I have 2x + kx. How can I "perform addition" in order to rewrite this? Well, the first term says that I have 2 times x, i.e. I have two copies of "x". The second terms says that I have "k" copies of "x", whatever k happens to be. So how many copies of x do I have in total? Answer: Just add together the copies to get a total number of (k + 2) copies

So we can rewrite 2x + kx as (2 + k)x or as (k + 2)x. (The order in which addition is performed doesn't matter. We say that addition is "commutative").

This is an example of "collecting" *like* terms. Both terms in this example are terms involving x multiplied by some coefficient. Since both terms contain x, they can be collected together, which amounts to keep track of the total number of "x's" you have in your equation.

5. Sep 27, 2008

cepheid

Staff Emeritus
I don't know what you mean. The aim is not to magically turn the cubic expression into a quadratic one. The aim is to perform the long division i.e. to figure out an algebraic expression for the quotient of these two polynomials -- this expression will truly be their quotient no matter what value x has.

Since you are dividing a cubic by a linear polynomial, the result will be quadratic in *this* case.

6. Sep 27, 2008

Tac-Tics

Just keep at it! Ask for additional help from here and your teacher where you need it.

In algebra, we have a number of rules associated with arithmetic operations. Here is a quick search result on Google listing some of the rules:

http://www.themathpage.com/alg/rules-of-algebra.htm

Some of them are redundant, but you should be familiar with most of them.

In this instance, you have made a mistake by "inventing" your own rule: $$(a + b)^2 = a^2 + b^2$$. This statement isn't true! It's ok, it happens to everyone from time to time.

We know that squaring an expression is the same as multiplying it to itself.
$$(a + b)^2 = (a + b) (a + b)$$

How do we multiply the rest of this out? We use something called the FOIL rule: http://en.wikipedia.org/wiki/FOIL_method

The poster above me explained roughly how foil works. FOIL is your best friend in algebra. Memorize it and learn to love it =-)

Again, please be careful with terminology. We don't "turn cubic equations into quadratic equations". The process you are describing is called "factorization". We want to "factorize" $$x^3 + 5x^2 - 12x - 16$$.

You should be familiar with prime factorization: that for every integer, you can break it down into prime components.

6 = 2 * 3
12 = 2 * 2 * 3
121 = 11 * 11
17 = 17

Each set of numbers on the right hand side is a prime number.
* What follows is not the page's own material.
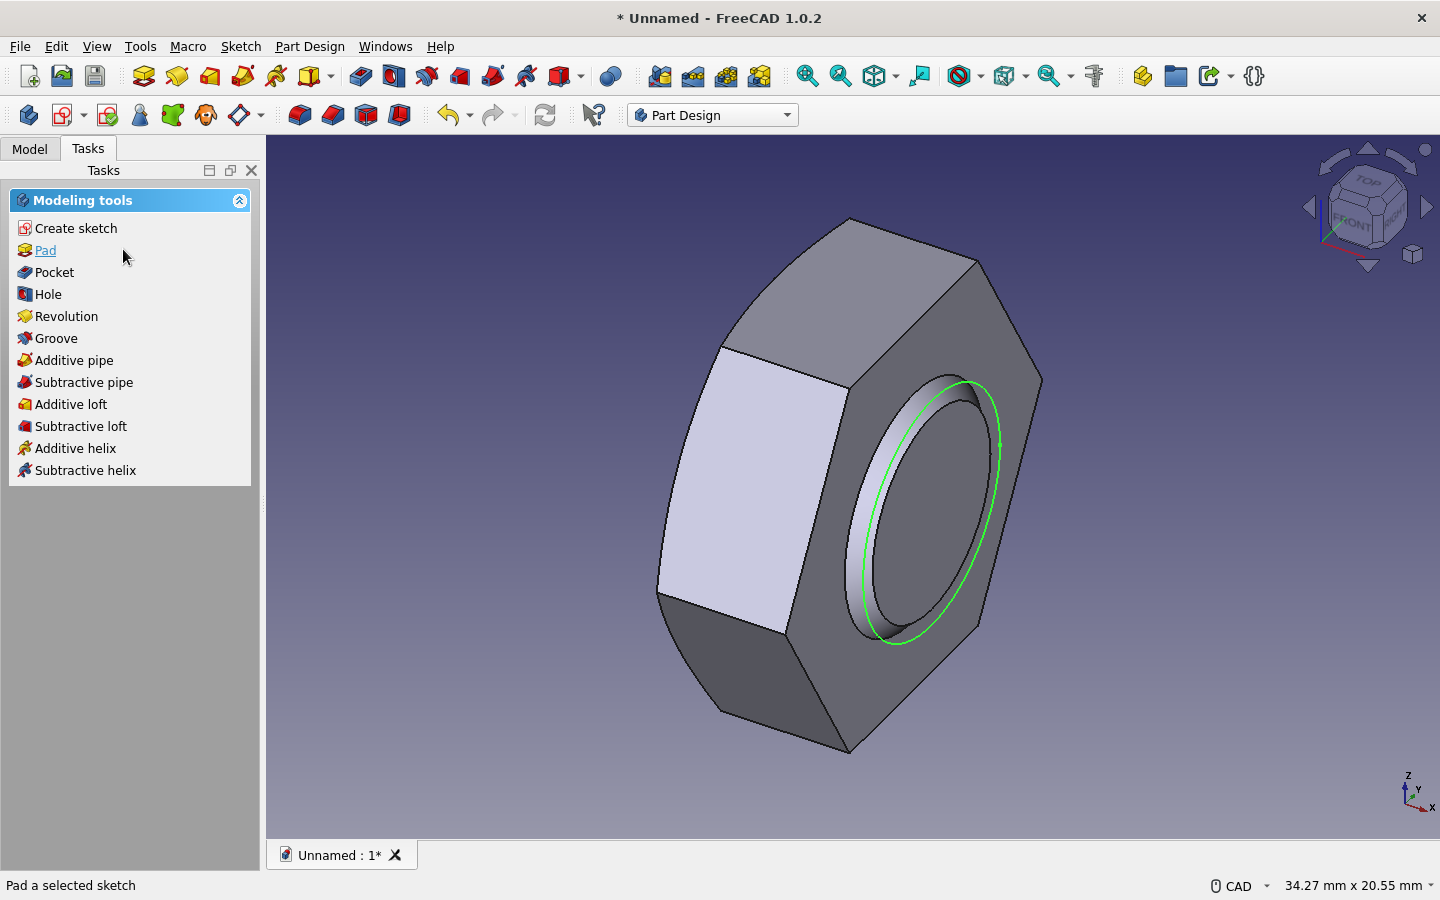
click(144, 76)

In certain cases (namely, for prime numbers such as 17), there is no way to break the number down further.

For polynomials, we can do something very similar:

(x^2 +2x + 1) = (x + 1)(x + 1)
(x^2 - 1) = (x + 1)(x - 1)
(x^2 + 1) = (x^2 + 1)

Note that the first two can be factorized into a pair of polynomials. The last one cannot, and is something very much like a prime number.

For many problems, you might be able to factor by trial and error. Make a guess what the factors might be, and use FOIL to see if you're right. Doing this got me a B in highschool algebra ;-)

There is a general technique called synthetic division. It's basically long division for polynomials. I never learned it in high school, but I really wish I did now!

I'm not sure one this one either. Go in during your teacher's office hours. It's worded a little ambiguously.

Good luck!

7. Sep 29, 2008

drdizzard

For problems two and three there is a hint in what you are dividing the cubic equation by to help you factor it.

x^3+5x^2-12x-16/x+1

x+1 can be factored out of the denominator

(x+1)(ax^2+bx+c)/(x+1)

x+1 cancels out and you are left with just the quadratic to solve.

Whenever you are dividing one ploynomial by another first try to factor the polynomial that is in the denominator out of the numerator, this will save you the hassle of having to try and divide two polynomials. Keep in mind it won't work out everytime like it did in this one, so don't always expect it. Just try it first everytime to see.